Put bluntly, athletes who are not properly hydrated before practice or competition are not going to perform as well as they could be. In other words, what you want to get out of your body, you have to put into it! Your body needs a combination of fluids, carbohydrates and electrolytes in order to perform at its best. In a recent Gatorade Sports Science Institute (GSSI) study, they found that 70% of high school athletes show up to practice dehydrated. And the consequence of dehydration is lower performance.
How Can You Tell If You Are Properly Hydrated?
Here is the crazy part! Figuring out if you are properly hydrated is a super easy process – even a 5 year old can tell you if they are hydrated enough when given the proper information. In the language of our kids – if your pee looks like lemonade, you are good – if it looks like apple juice or darker, then you are dehydrated. Easy peasy. To make it really fun and visual, Gatorade created this very simple poster (or as the Gatorade Sports Moms called it – a Pee Chart) you can hang in the locker room or share with your athletes. Click on the image above to download the poster as a PDF.
Another way to measure fluid loss – which is not always as accessible – is to have your athlete weigh themselves before exercise and after. If they are properly hydrated there will be no weight difference. For every pound of sweat they left on the field, they need to replace it with 16 ounces of fluid consumed slowly over the next 30-60 minutes. Again, pretty simple stuff.
What to Drink Before & After Exercise
Before exercise your athlete needs to:
- Drink ~5-7 ml per kg of body weight four (4) hours before exercise
- Drink ~3-5 ml per kg body weight two (2) hours before exercise
For example – if your athlete weighs 130 lbs., they need to drink about 10 oz. of fluid four hours before workout and another 4-6 oz. two hours before. Now this is a rough estimate and by monitoring their urine color, athletes can determine whether they need more or less fluid intake.
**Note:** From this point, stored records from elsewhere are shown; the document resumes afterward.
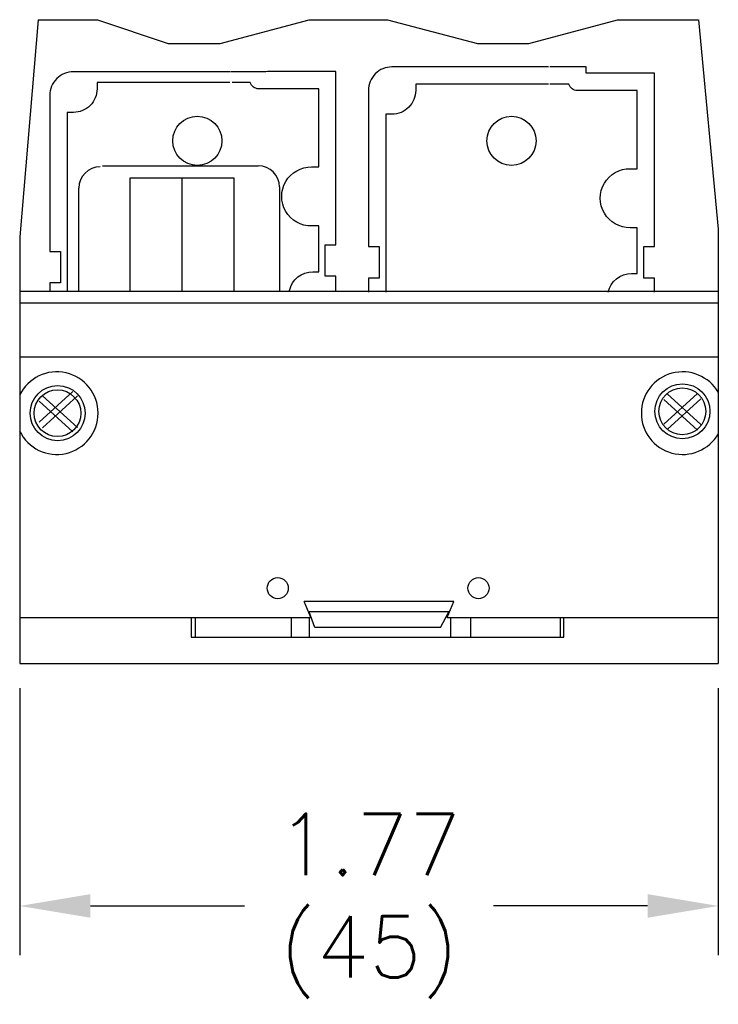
# Model space of a CAD drawing. Header units: inches. Extents: x 0 to 16.5, y 0 to 10.6.
# Tile 10 of 10: x 11.7 to 13.5, y 2.5 to 5. Entities that reach past the tile are written whole.
import ezdxf

# ---------------------------------------------------------------- set-up
doc = ezdxf.new("R2010")
doc.units = ezdxf.units.IN
doc.header["$MEASUREMENT"] = 0
doc.header["$PDMODE"] = 3
for name, color, linetype in [('3', 3, 'Continuous'), ('5', 5, 'Continuous'), ('ASSEMBLY', 2, 'Continuous'), ('HOUSING', 3, 'Continuous')]:
    doc.layers.add(name, color=color, linetype=linetype)
doc.styles.add('ROMANS', font='romans.shx')
doc.dimstyles.get("Standard").update_dxf_attribs({"dimtxt": 0.15625, "dimasz": 0.18, "dimexe": 0.125, "dimexo": 0.0625, "dimgap": 0.09, "dimtad": 0, "dimtih": 1, "dimtoh": 1, "dimdec": 3, "dimzin": 4, "dimdsep": 46, "dimtxsty": 'ROMANS', "dimcen": 0.0625, "dimclrd": 256, "dimclre": 256, "dimclrt": 3, "dimadec": 0, "dimazin": 1, "dimtfac": 1, "dimtdec": 3, "dimtofl": 0, "dimtmove": 0, "dimatfit": 1, "dimfxl": 1, "dimtolj": 1, "dimtzin": 0, "dimlwd": -1, "dimlwe": -1, "dimarcsym": 0})

# ---------------------------------------------------------------- blocks, each defined once
blk = doc.blocks.new('*D7')
for p, q in [((11.75, 3.2804), (11.75, 2.6013)), ((13.5278, 3.2804), (13.5278, 2.6013)), ((11.93, 2.7263), (12.3219, 2.7263)), ((13.3478, 2.7263), (12.9558, 2.7263))]:
    blk.add_line(p, q)
for points in [[(11.93, 2.7563), (11.93, 2.6963), (11.75, 2.7263)], [(13.3478, 2.7563), (13.3478, 2.6963), (13.5278, 2.7263)]]:
    blk.add_solid(points)
at = {"layer": 'DEFPOINTS', "color": 0}
for p in [(11.75, 3.3429), (13.5278, 3.3429), (13.5278, 2.7263)]:
    blk.add_point(p, dxfattribs=at)
at = {"color": 3, "insert": (12.6389, 2.7263), "char_height": 0.15625, "attachment_point": 5, "style": 'ROMANS'}
blk.add_mtext('\\A1;1.77\\P(45)', dxfattribs=at)

msp = doc.modelspace()

# ---------------------------------------------------------------- linework, layer by layer
for p, q in [((11.75, 4.2901), (13.5278, 4.2901)), ((11.7993, 3.9566), (11.8853, 4.0343)), ((11.7993, 4.0098), (11.8853, 3.932)), ((11.8077, 4.0238), (11.8972, 3.9431)), ((11.8077, 3.9425), (11.8972, 4.0233)), ((13.3893, 3.9519), (13.4752, 4.0296)), ((13.3893, 4.0145), (13.4752, 3.9367)), ((13.3977, 4.0285), (13.4837, 3.9508)), ((13.3977, 3.9378), (13.4837, 4.0156))]:
    msp.add_line(p, q)
for centre, radius in [((11.8466, 3.9796), 0.07), ((11.8462, 3.9795), 0.0594), ((13.4365, 3.9843), 0.07), ((13.4362, 3.9842), 0.0594)]:
    msp.add_circle(centre, radius)
at = {"layer": '3', "color": 3}
for p, q in [((11.7967, 4.9802), (11.75, 4.4277)), ((11.9482, 4.9802), (12.1279, 4.92)), ((12.2602, 4.92), (12.4863, 4.9802)), ((12.6863, 4.9802), (12.9146, 4.92)), ((13.0452, 4.92), (13.2711, 4.9802)), ((13.4772, 4.9802), (13.5278, 4.4472)), ((13.5278, 4.4472), (13.5278, 3.3429)), ((11.75, 4.4277), (11.75, 3.3429)), ((12.8544, 3.5005), (12.4741, 3.5005))]:
    msp.add_line(p, q, dxfattribs=at)
at = {"layer": '3'}
for p, q in [((11.7967, 4.9802), (11.9482, 4.9802)), ((12.4863, 4.9802), (12.6863, 4.9802)), ((13.2711, 4.9802), (13.4772, 4.9802)), ((11.75, 4.26), (13.5278, 4.26)), ((11.75, 4.1225), (13.5278, 4.1225)), ((12.4907, 3.4596), (12.4741, 3.5005)), ((12.8379, 3.4596), (12.8544, 3.5005)), ((11.75, 3.4596), (12.4907, 3.4596)), ((12.1861, 3.459), (12.1861, 3.4098)), ((12.1963, 3.459), (12.1963, 3.4098)), ((12.4406, 3.459), (12.4406, 3.4098)), ((12.4864, 3.459), (12.4864, 3.4098)), ((12.8379, 3.4596), (13.5278, 3.4596)), ((12.8462, 3.459), (12.8462, 3.4098)), ((12.8971, 3.459), (12.8971, 3.4098)), ((13.1262, 3.4115), (13.1262, 3.4607)), ((13.1346, 3.4098), (13.1346, 3.459)), ((12.1861, 3.4098), (13.1346, 3.4098)), ((11.75, 3.3429), (13.5278, 3.3429))]:
    msp.add_line(p, q, dxfattribs=at)
for centre in [(12.4067, 3.5345), (12.9175, 3.5345)]:
    msp.add_circle(centre, 0.0269, dxfattribs=at)
for centre, start, end in [((11.8444, 3.9796), 205.8879, 154.1121), ((13.4369, 3.9796), 30.0021, 329.9979)]:
    msp.add_arc(centre, 0.105, start, end, dxfattribs=at)
at = {"layer": '5'}
for p, q in [((11.9606, 4.6088), (12.3572, 4.6088)), ((12.0309, 4.2901), (12.0309, 4.5782)), ((12.0309, 4.5782), (12.2951, 4.5782)), ((12.163, 4.5773), (12.163, 4.2901)), ((12.2951, 4.5782), (12.2951, 4.2901)), ((11.9004, 4.2901), (11.9004, 4.552)), ((12.4112, 4.5548), (12.4112, 4.2901))]:
    msp.add_line(p, q, dxfattribs=at)
for centre, start, end in [((12.3572, 4.5548), 0, 90), ((11.9544, 4.552), 90, 180)]:
    msp.add_arc(centre, 0.054, start, end, dxfattribs=at)
at = {"layer": 'ASSEMBLY', "color": 3}
for p, q in [((12.1279, 4.92), (12.2602, 4.92)), ((12.9146, 4.92), (13.0452, 4.92))]:
    msp.add_line(p, q, dxfattribs=at)
at = {"layer": 'ASSEMBLY'}
for points in [[(13.0955, 4.8602), (12.6974, 4.8602, 0.414214), (12.6374, 4.8002), (12.6374, 4.4032), (12.6645, 4.4032), (12.6645, 4.3232), (12.6374, 4.3232), (12.6374, 4.2869)], [(12.2844, 4.8479), (11.8866, 4.8479, 0.414214), (11.8266, 4.7879), (11.8266, 4.3909), (11.8537, 4.3909), (11.8537, 4.3109), (11.8266, 4.3109), (11.8266, 4.2913)], [(11.9469, 4.8206), (11.9469, 4.8047, -0.414214), (11.8866, 4.7444), (11.8706, 4.7444), (11.8706, 4.2913)], [(12.4366, 4.2913, -0.359423), (12.4962, 4.3392), (12.5109, 4.3392), (12.5109, 4.4556), (12.4929, 4.4556, -1.013977), (12.4929, 4.6057), (12.5109, 4.6057), (12.5109, 4.8045), (12.3584, 4.8045, -0.32947), (12.3367, 4.8206), (12.291, 4.8206)], [(12.7577, 4.8162), (12.7577, 4.8003, -0.414214), (12.6973, 4.74), (12.6814, 4.74), (12.6814, 4.2869)], [(13.2474, 4.2869, -0.359423), (13.307, 4.3348), (13.3217, 4.3348), (13.3217, 4.4512), (13.3036, 4.4512, -1.013977), (13.3036, 4.6013), (13.3217, 4.6013), (13.3217, 4.8001), (13.1691, 4.8001, -0.32947), (13.1475, 4.8162), (13.099, 4.8162)]]:
    msp.add_lwpolyline(points, format="xyb", dxfattribs=at)
for points in [[(13.3657, 4.2869), (13.3657, 4.3232), (13.3383, 4.3232), (13.3383, 4.4032), (13.3657, 4.4032), (13.3657, 4.8441), (13.1917, 4.8441), (13.1917, 4.8602), (13.099, 4.8602)], [(12.5549, 4.2913), (12.5549, 4.3276), (12.5275, 4.3276), (12.5275, 4.4076), (12.5549, 4.4076), (12.5549, 4.8485), (12.3809, 4.8485), (12.3762, 4.848), (12.2863, 4.848)], [(12.2844, 4.8206), (11.9469, 4.8206)], [(13.0955, 4.8162), (12.7577, 4.8162)]]:
    msp.add_lwpolyline(points, dxfattribs=at)
for centre in [(12.202, 4.6721), (13.0015, 4.6721)]:
    msp.add_circle(centre, 0.0625, dxfattribs=at)
at = {"layer": 'HOUSING', "color": 1}
for p, q in [((12.8419, 3.474), (12.4868, 3.474)), ((12.5012, 3.4345), (12.4868, 3.474)), ((12.8205, 3.4345), (12.8419, 3.474)), ((12.8205, 3.4345), (12.5012, 3.4345))]:
    msp.add_line(p, q, dxfattribs=at)

# ---------------------------------------------------------------- dimensions: what is measured, and where the dimension line sits
dim = msp.add_linear_dim(base=(13.5278, 2.7263), p1=(11.75, 3.3429), p2=(13.5278, 3.3429), text='1.77\\P(45)', dimstyle='Standard')
dim.commit()
dim.dimension.update_dxf_attribs({"geometry": '*D7', "text_midpoint": (12.6389, 2.7263)})

doc.saveas('drawing.dxf')

After exercise athletes need to drink 16 oz. for every pound of weight lost due to sweat.
With school schedules and our generally busy lives, it is not always possible to follow the pre-exercise hydration schedule exactly, but with basic hydration knowledge our athletes can better prepare to perform at their best.
This information was gleaned from the notes I took during a presentation by GSSI scientists given to a group of Sports Moms in a recent Gatorade sponsored event. The GSSI was founded to help athletes optimize performance and well being through research and education in hydration and nutrition science.